I love the muddiness in Roussel's orchestration for his first symphony (i'm listening to it right now). I also enjoy it in Berg's Three Pieces for Orchestra; you literally hear "new" things each time. Each time a new piece of the puzzle making the picture more complete but more confusing. It never ends. This is what I find in my favorite works. Art that makes you confused and tricked into entering again and again.
On the other hand, a composer like Stravinsky in his "neo-classic" phase, and even in the late serial works like Abraham and Issac and Threni, writes music with a surgeon's eye for incision. Each line there because of neccesity, because of concern for the whole. Stravinsky used to talk about "finding the right note" and in some wonderful pictures by Arnold Newman taken while composing his final masterpiece, the Requiem Canticles, show him painfully pondering over a couple notes on a miniscule scrap of paper. After finding the right combination and rhythm, he glues his little bit of sinew and vein into the body of his score. Surgeon. Get it? Body words? Okay. Yeah I know-I'm a great writer.
The effect of this careful consideration of each phrase, rhythm and motive, when expressed in Stravinsky's musical language, is one of complete clarity and purity. Every line is heard, every rhythm exacting a punch. Even when he goes apeshit crazy with polyphonic anarchy, most notably in his Variations (in memoriam Aldous Huxley), everything comes through, when conducted well of course. Stravinsky, Ravel: both Swiss watchmakers in their own ways. Also, two hot, hot asses.

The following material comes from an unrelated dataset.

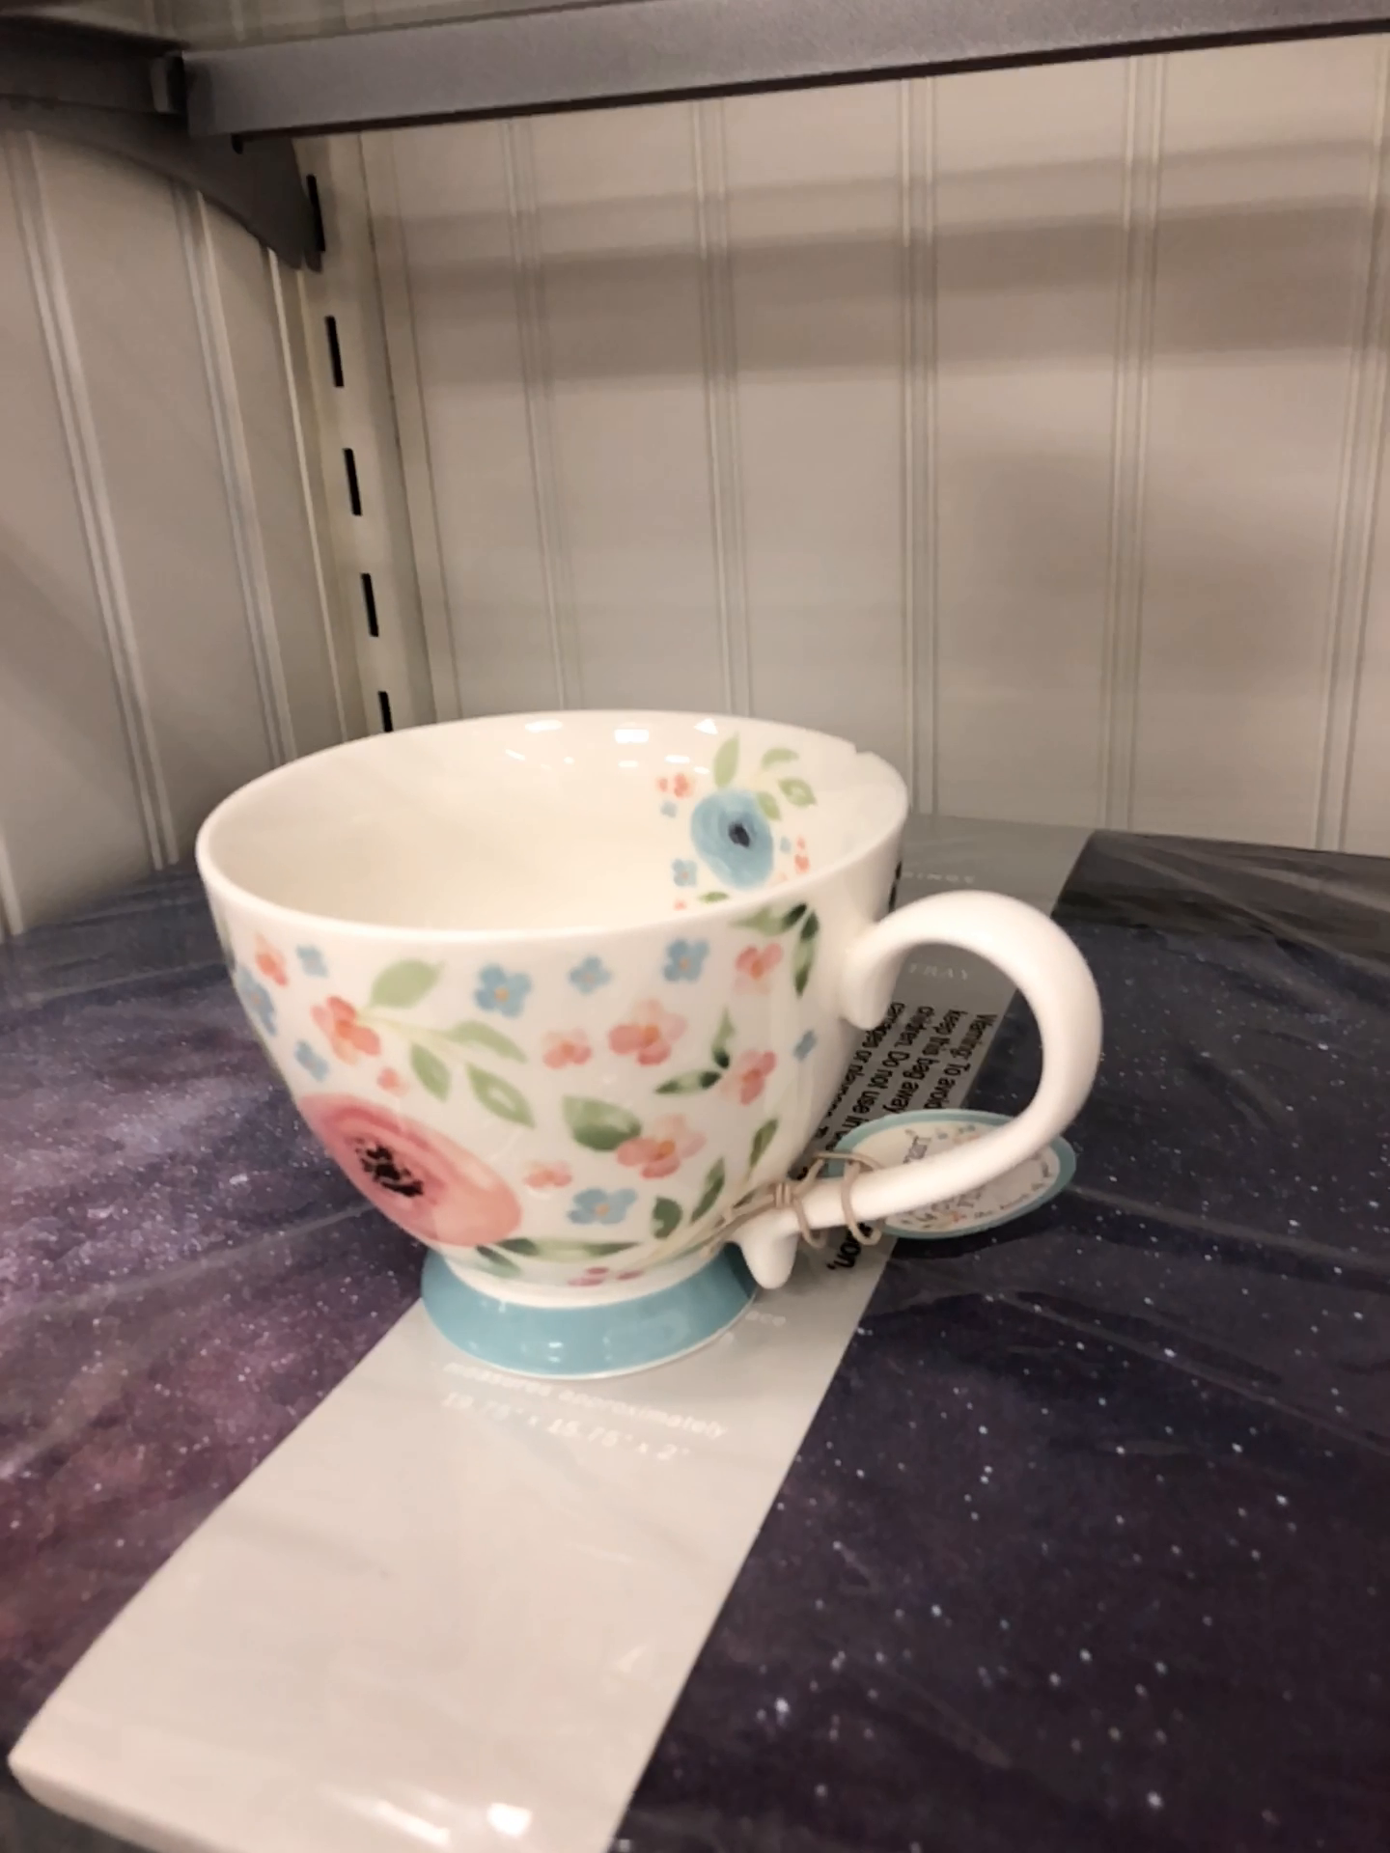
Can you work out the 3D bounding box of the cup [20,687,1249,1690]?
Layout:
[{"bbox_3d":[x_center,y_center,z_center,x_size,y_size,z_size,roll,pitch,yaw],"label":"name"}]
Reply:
[{"bbox_3d":[-0.006,0.020,0.246,0.150,0.079,0.111,11,27,32],"label":"cup"}]

At the other end of the surgical spectrum, there is Berg's Three Pieces, Altenberg Lieder, or even "Chamber Concerto", where there are moments where the polyphony is so bonkers, that the confused listener actually begins to think he is a bumblebee. These moments of organized chaos are so interesting to me, because what is happening is so elegant and ingenious; a complete orgy of logic and expression.
The complex and dissonant climaxes where dozens of independent voices interact are not simply Berg trying make a chaotic racket. He was too much of a supreme artist to even begin to flirt with what was to become a post-modern trick. Berg was a tortured soul who both had an urge to be the biggest heart-on-sleeve expressionist, and another desire to be the most obsessive artificer this side of Dedaelus.
Berg is an incredibly frightening figure for me. He intimidates me more than Stravinsky, or even Mozart, two artists who are admitably his betters. I have a poster of Schoenberg's portrait of him on my wall, and it really bothers me:





















He looks so bored, apathetic and sad. He was a wonderfully friendly and kind man by all accounts, but shy and reserved. But underneath his dreamy exterior lurked a brain and heart combination the most powerful duo since John Stockton and Karl Malone.
Even in writing in an atonal, largely dissonant style, he is able to express the most profound depths of emotion with a poet's eye for subtelty. Even a cold-hearted bastard like myself, who routinely steals from the elderly and spits on children, is moved when in Wozzeck, the tortured, impoverished and mentally unstable soldier visits the mother of his little boy to give them the little money he earned. This powerful scene, which could have lead to the most pathetically maudlin and sentimental music imaginable, packs its punch in its simplicity, a revelation after a sea of complexity and what many would call 'ugliness'. Wozzeck sing-speaks "Here's the little bit money I could earn for you. From the captain, and the doctor" over strings playing a sweetly quiet C-major chord, clear as day. After the madness and evil of the preceeding drama, and it's "mad and evil" 'atonal' music, Berg expresses the compassion and love among his poor people (and FOR poor people), of the simple/"common" man, in the most perfect way-the simplest, most common chord of all, C major.
He signed a couple autographs by quoting this profound bar.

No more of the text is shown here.